Monday, September 22, 2025

The Line Between The Arts and Politics

 Crossing the line between the arts and politics: John Semley's Kneel Before Zod (The Baffler). An idea that has been growing with me is that there is an intertwining of politics and the arts. Not in the sense of electoral politics, but in the idea that politics is how people live together and flourish.

Given the broader withering of American authority and its leaders’ seemingly inexhaustible capacity for both violence and buffoonery, is it any wonder that Naked Gun strikes a chord? As political satires go, it’s probably not quite as “sophisticated” as Pizza Man. But it’s a self-poke in the eyes, a blow to the nation’s nutsack. Naked Gun is the rare modern film to pronounce—through wall-to-wall jokes about Pam Anderson’s buttcheeks and unchecked police brutality—that, yes, we are the Freedonians, the Boravians, the baddies. 

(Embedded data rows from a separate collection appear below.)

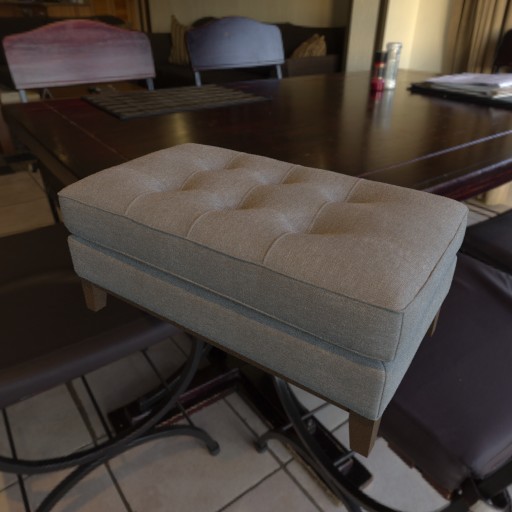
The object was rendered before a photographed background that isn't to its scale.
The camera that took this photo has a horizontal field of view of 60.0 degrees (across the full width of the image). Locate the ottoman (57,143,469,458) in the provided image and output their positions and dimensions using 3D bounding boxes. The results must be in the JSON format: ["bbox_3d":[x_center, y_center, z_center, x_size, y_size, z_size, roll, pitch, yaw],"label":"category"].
[{"bbox_3d":[0.000,0.000,1.446,1.143,0.514,0.648,19,35,29],"label":"ottoman"}]
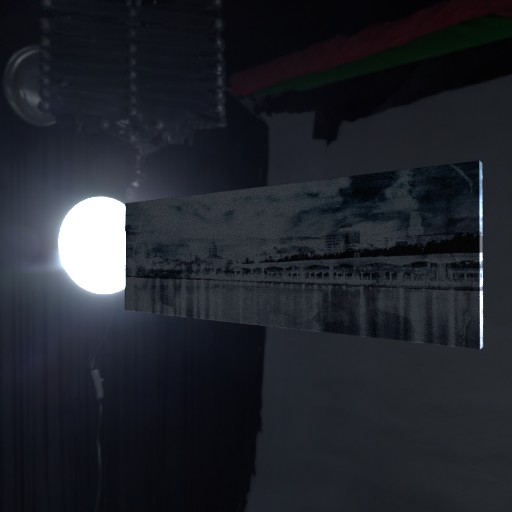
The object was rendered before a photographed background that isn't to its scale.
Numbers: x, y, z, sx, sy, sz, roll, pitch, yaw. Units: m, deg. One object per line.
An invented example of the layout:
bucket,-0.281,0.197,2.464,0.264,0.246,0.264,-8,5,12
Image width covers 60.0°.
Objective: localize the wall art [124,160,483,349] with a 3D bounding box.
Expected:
wall art,0.000,0.000,1.658,1.524,0.509,0.037,0,-1,37
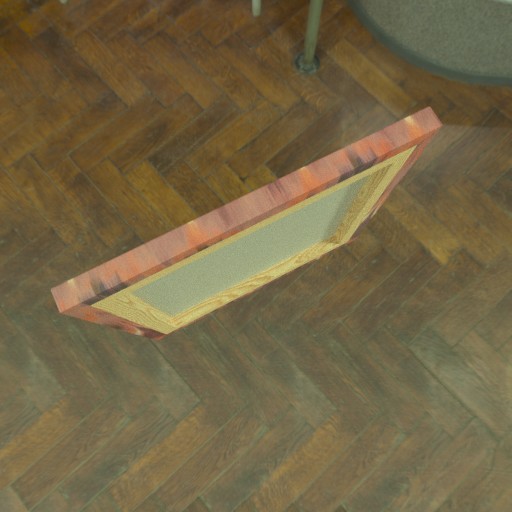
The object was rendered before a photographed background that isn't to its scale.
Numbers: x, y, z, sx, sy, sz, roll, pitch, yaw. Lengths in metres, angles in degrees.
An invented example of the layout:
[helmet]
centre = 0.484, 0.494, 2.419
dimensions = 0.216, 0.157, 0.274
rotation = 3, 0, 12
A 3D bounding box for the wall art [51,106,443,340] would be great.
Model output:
[wall art]
centre = 0.000, 0.000, 0.918
dimensions = 0.603, 0.609, 0.037
rotation = -27, 77, -6
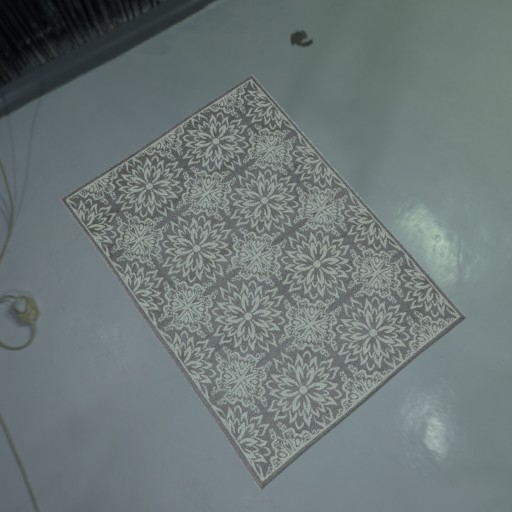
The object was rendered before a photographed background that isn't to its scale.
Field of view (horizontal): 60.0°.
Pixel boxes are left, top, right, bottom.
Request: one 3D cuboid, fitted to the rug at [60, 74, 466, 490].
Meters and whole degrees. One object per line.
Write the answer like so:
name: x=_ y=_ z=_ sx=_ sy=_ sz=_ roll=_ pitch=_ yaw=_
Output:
rug: x=0.000 y=0.000 z=2.854 sx=1.608 sy=0.014 sz=2.213 roll=-36 pitch=78 yaw=-9
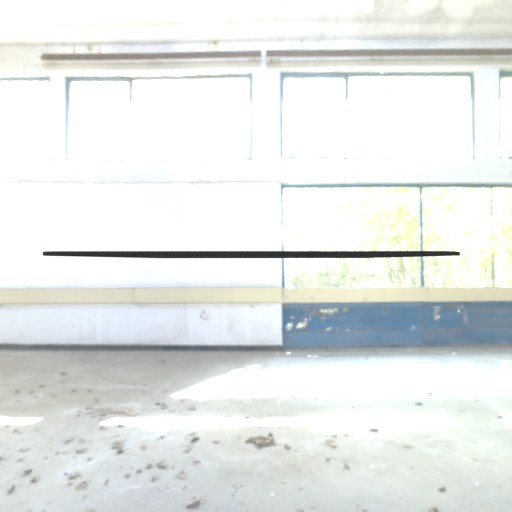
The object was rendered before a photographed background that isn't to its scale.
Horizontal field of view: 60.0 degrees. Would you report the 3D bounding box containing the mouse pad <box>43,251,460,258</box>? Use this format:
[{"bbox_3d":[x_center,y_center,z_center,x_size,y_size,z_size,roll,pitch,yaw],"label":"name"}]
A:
[{"bbox_3d":[0.000,0.000,0.333,0.211,0.002,0.249,0,-1,2],"label":"mouse pad"}]
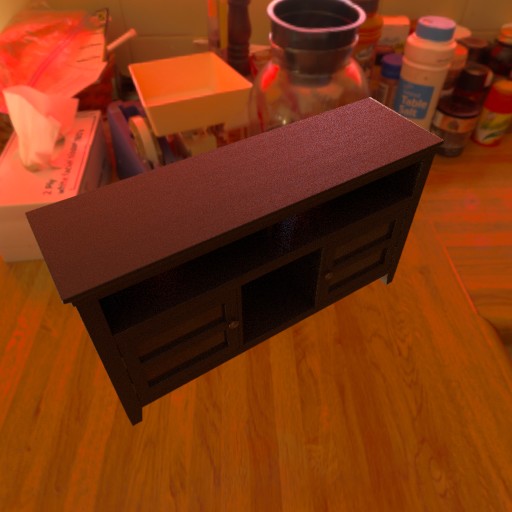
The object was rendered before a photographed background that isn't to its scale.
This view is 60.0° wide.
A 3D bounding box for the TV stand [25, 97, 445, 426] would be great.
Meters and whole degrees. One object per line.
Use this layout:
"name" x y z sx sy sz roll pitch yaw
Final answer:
"TV stand" 0.000 0.000 1.511 1.198 0.681 0.347 -24 51 -22
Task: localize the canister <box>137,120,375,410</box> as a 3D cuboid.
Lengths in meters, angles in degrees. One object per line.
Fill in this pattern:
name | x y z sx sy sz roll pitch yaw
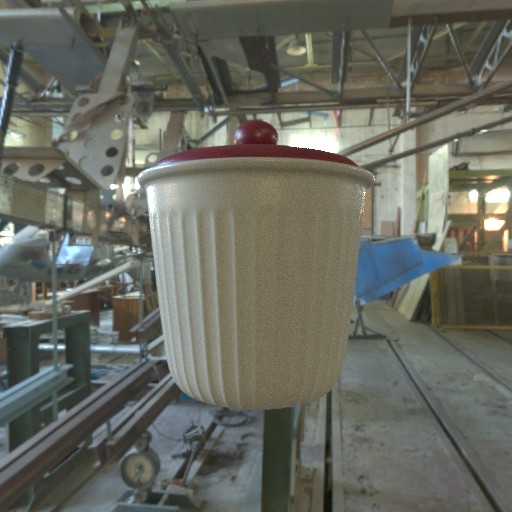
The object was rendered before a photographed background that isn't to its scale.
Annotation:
canister | 0.000 0.000 0.350 0.181 0.211 0.181 0 1 0
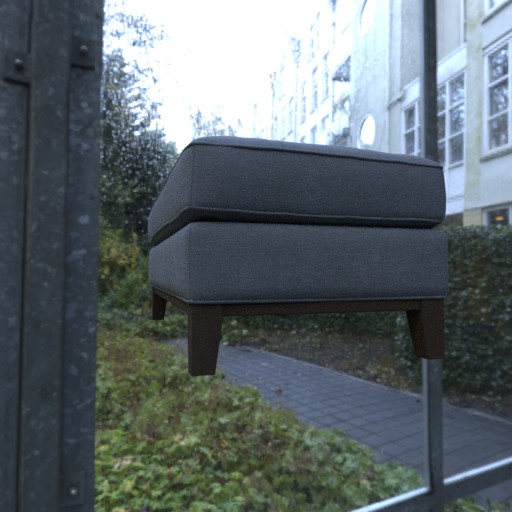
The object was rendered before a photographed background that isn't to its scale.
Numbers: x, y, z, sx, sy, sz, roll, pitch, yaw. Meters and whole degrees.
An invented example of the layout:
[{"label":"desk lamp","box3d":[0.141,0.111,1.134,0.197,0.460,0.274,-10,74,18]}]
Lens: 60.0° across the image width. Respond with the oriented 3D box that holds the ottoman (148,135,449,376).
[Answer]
[{"label":"ottoman","box3d":[0.000,0.000,1.482,0.648,0.514,1.143,1,-2,-17]}]
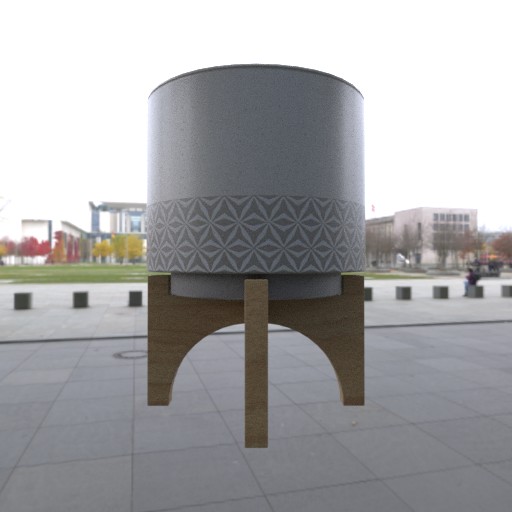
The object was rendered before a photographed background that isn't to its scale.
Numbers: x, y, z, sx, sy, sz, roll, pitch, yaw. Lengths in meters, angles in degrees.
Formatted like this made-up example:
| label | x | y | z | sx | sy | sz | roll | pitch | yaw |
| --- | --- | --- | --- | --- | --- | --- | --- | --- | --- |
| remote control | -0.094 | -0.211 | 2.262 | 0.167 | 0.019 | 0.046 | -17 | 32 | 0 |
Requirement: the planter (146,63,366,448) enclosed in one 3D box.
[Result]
| label | x | y | z | sx | sy | sz | roll | pitch | yaw |
| --- | --- | --- | --- | --- | --- | --- | --- | --- | --- |
| planter | 0.000 | 0.000 | 0.518 | 0.249 | 0.343 | 0.249 | 0 | -1 | 0 |
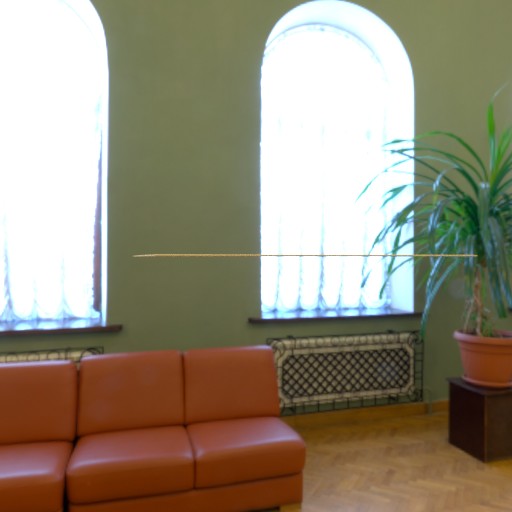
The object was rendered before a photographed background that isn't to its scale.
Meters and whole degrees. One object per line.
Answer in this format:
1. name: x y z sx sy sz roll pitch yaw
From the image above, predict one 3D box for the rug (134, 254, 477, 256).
1. rug: 0.000 0.000 2.973 1.522 0.008 2.284 0 0 -18
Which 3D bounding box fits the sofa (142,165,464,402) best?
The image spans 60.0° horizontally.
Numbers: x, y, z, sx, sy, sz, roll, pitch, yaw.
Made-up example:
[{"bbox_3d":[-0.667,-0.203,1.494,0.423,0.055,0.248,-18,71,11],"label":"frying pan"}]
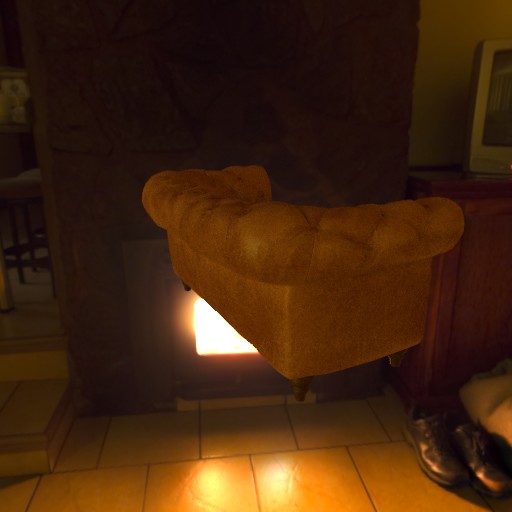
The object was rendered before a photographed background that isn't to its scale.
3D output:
[{"bbox_3d":[0.000,0.000,2.576,1.042,0.877,1.979,-8,18,-26],"label":"sofa"}]
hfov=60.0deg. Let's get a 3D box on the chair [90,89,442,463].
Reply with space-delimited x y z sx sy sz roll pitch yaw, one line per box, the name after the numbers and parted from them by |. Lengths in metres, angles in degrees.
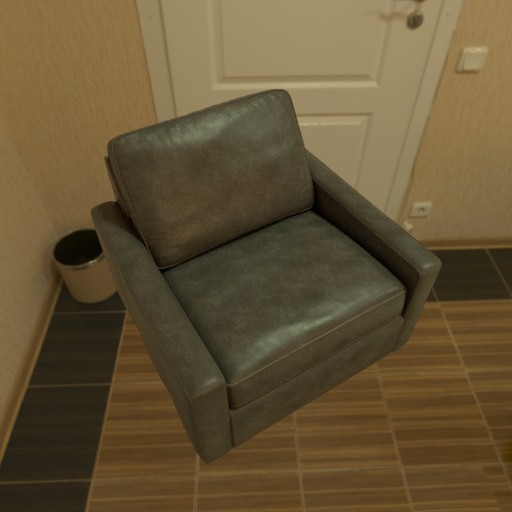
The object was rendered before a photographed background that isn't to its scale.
0.000 0.000 1.729 1.006 0.916 0.939 -24 51 -21 | chair
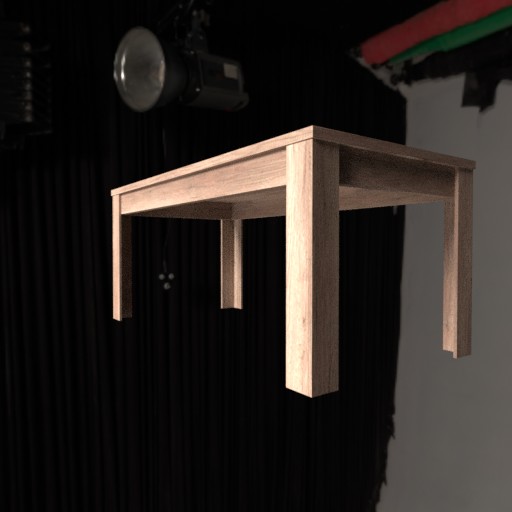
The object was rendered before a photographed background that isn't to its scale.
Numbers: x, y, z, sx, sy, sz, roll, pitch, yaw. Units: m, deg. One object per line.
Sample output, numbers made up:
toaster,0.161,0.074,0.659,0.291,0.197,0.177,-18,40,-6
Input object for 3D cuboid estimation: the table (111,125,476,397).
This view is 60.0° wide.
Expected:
table,0.000,0.000,2.272,0.900,0.790,1.800,-1,1,-36
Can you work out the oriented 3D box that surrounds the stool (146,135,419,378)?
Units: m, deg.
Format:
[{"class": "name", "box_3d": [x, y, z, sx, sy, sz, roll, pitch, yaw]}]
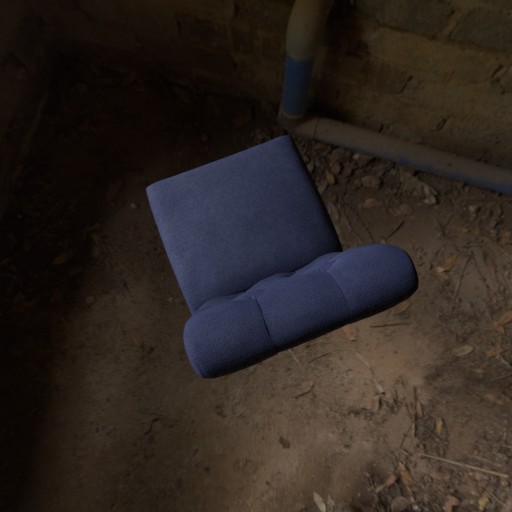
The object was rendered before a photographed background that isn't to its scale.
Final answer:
[{"class": "stool", "box_3d": [0.000, 0.000, 1.357, 0.493, 1.010, 0.601, -21, 77, -5]}]
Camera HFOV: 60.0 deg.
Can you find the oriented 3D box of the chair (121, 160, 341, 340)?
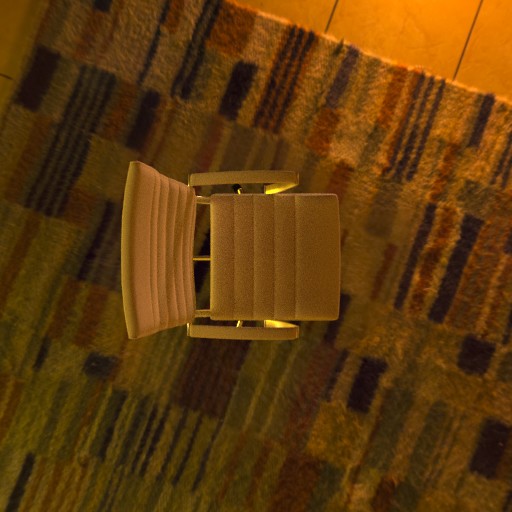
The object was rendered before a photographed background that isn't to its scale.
[{"bbox_3d":[0.000,0.000,1.657,0.739,1.149,0.766,0,88,-1],"label":"chair"}]
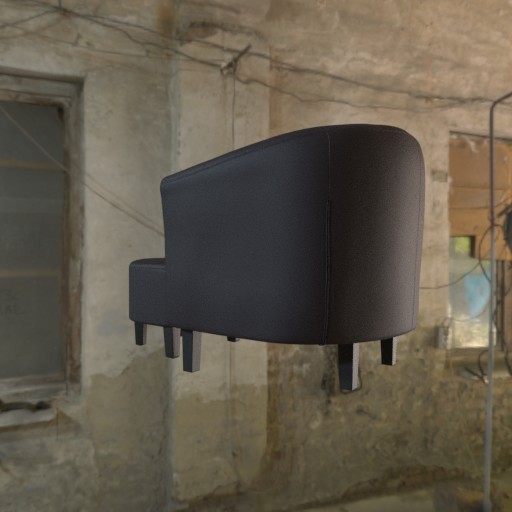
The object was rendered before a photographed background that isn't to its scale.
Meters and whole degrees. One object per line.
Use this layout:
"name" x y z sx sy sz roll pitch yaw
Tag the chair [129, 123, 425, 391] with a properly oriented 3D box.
"chair" 0.000 0.000 1.662 1.191 0.760 0.763 0 1 35

We are not perfect; art lets us see that. In a world where principles no longer matter, the lack of them can get you elected as President, art that points us to our better selves is necessary.

This is the real issue behind the Kimmel story (Senator Ted Cruz says US broadcast regulator acted like 'mafioso' on Jimmy Kimmel  - BBC) - suppressing the Frist Amendment so that art cannot comment except at the permission of the government.

About our common need to create, please consider Periklis Angelopoulos's essay, An Impossible Resurrection A Review of Panagiotis Thomas’s Commentary on Kafka’s Metamorphosis (Public Orthodoxy). It opened my mind, even if I have read of similar ideas from Orthodox Christian writers.

In Thomas’s aesthetic theology, beauty is not an abstract quality but a personal, ontological reality. God, as poetic and decorative cause, creates in harmony, friendship, and communication. The uncreated and the created meet in a relationship of care and love. Beauty is incarnated in the person of Christ; it is the mystical radiance that, as Dostoevsky prophesied, “will save the world.” Aesthetic theology is not confined to the categories of charm or taste; it includes the ugly, the painful, the decaying, and the finite. In the figure of the Suffering Servant, ugliness is received, healed, and transfigured into eternity.[4]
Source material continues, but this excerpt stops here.